A própria Convenção Nacional Democrata, maior evento do partido, não expandiu a vantagem de Biden sobre Trump. O fato de não haver melhorias nas pesquisas após a convenção, que foi drasticamente reduzida em virtude da pandemia da Covid-19, destoa do cenário das eleições anteriores, em 2016. A então candidata democrata, a ex-secretária de Estado Hillary Clinton, ganhou 4 pontos percentuais após o evento partidário daquele ano, que ocorreu no final de julho. A correlação entre as convenções partidárias e o ganho nas intenções de votos também envolve o Partido Republicano. Em 2016, Trump viu seu apoio crescer em 4 pontos percentuais, assim como Clinton.
Os debates entre os candidatos, que começam na terça-feira 29 na Universidade Notre Dame, em Indiana, também irão testar as habilidades de Biden. Trump é conhecido por duros ataques pessoais. Em agosto, Trump afirmou que passou os últimos quatro anos “revertendo os danos que Biden causou ao país nos últimos 47 anos”, em referência aos seis mandatos do democrata como senador, além da passagem como vice de Barack Obama, entre 2009 e 2017. Poucas semanas depois, definiu o rival democrata como “estúpido”.
Além disso, destaca Trende, a principal força de Trump, as percepções sobre seu comando da economia americana, estão em alta novamente, em um momento perfeito. Para eleitores, o presidente é mais confiável à frente da economia do que Biden, por margem de 52% a 44%.
“O crescimento no segundo trimestre, quando a pandemia começou a causar danos, foi abismal, de tal maneira que não temos comparação histórica para isso, ao menos para períodos em que temos bons dados”, diz o analista. “Ainda assim, o crescimento no terceiro trimestre parece ser explosivo, possivelmente removendo a contração que ocorreu no segundo trimestre. Simplesmente não há precedente para isto também”.
Por fim, há o imbróglio envolvendo a votação por correios, que deve ser mais utilizada que habitualmente neste ano devido à pandemia de Covid-19. O presidente republicano reclama com frequência das condições de organização das eleições e afirma, sem provas, que o voto por correio é uma fonte potencial de fraude.

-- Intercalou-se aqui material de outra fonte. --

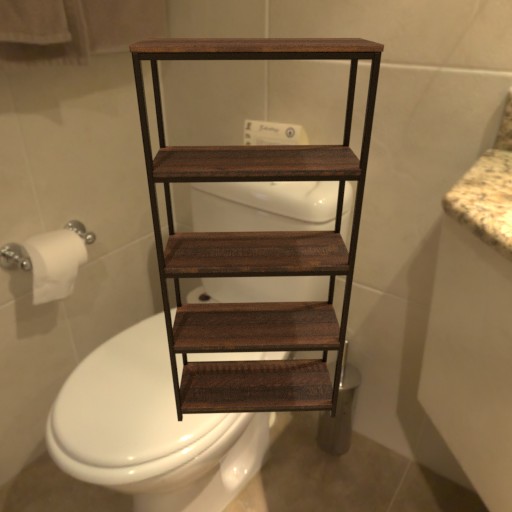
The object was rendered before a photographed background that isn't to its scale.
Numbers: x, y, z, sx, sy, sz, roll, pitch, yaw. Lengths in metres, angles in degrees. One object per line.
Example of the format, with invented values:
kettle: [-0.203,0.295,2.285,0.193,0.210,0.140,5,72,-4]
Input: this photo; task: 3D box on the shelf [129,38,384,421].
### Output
shelf: [0.000,0.000,2.130,0.874,1.860,0.359,-1,29,-1]
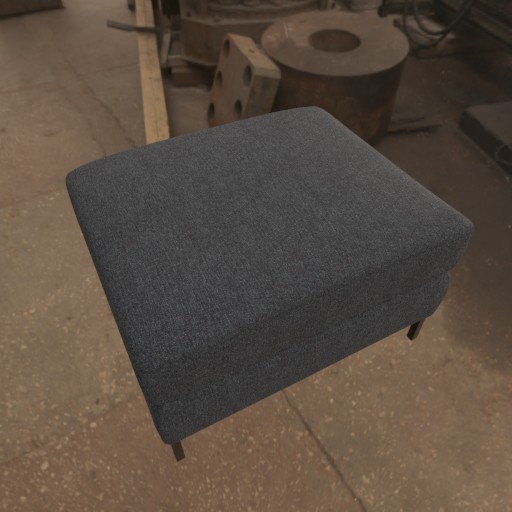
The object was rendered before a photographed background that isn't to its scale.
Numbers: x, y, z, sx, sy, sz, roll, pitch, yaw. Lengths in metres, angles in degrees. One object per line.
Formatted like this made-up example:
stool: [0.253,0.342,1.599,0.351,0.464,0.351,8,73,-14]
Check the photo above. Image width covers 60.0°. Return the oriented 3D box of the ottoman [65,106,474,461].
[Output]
ottoman: [0.000,0.000,1.262,0.831,0.533,0.695,-21,49,-19]

Em agosto, o diretor do serviço postal americano afirmou que iria suspender os polêmicos cortes de gastos na agência para depois das eleições de novembro, mas democratas ainda acreditam que problemas podem acontecer. A medida foi amplamente criticada devido ao risco de atraso ou obstrução do processamento de milhões de votos por correio, que, segundo os democratas, seria parte de uma estratégia do governo para aumentar suas chances de reeleição.
O serviço postal admitiu que a campanha de reformas poderia impedir o processamento de milhões de votos por correspondência nas eleições presidenciais de 3 de novembro em 46 dos 50 estados do país. O plano original de redução de custos incluía a desativação de 10% das máquinas de processamento de correspondências, de um total de 671.
Recentemente, o diretor da agência desativou ou transferiu caixas de correio públicas em estados como Califórnia, Arizona, Oregon, Pensilvânia, Ohio e Montana, de acordo com o jornal The Washington Post.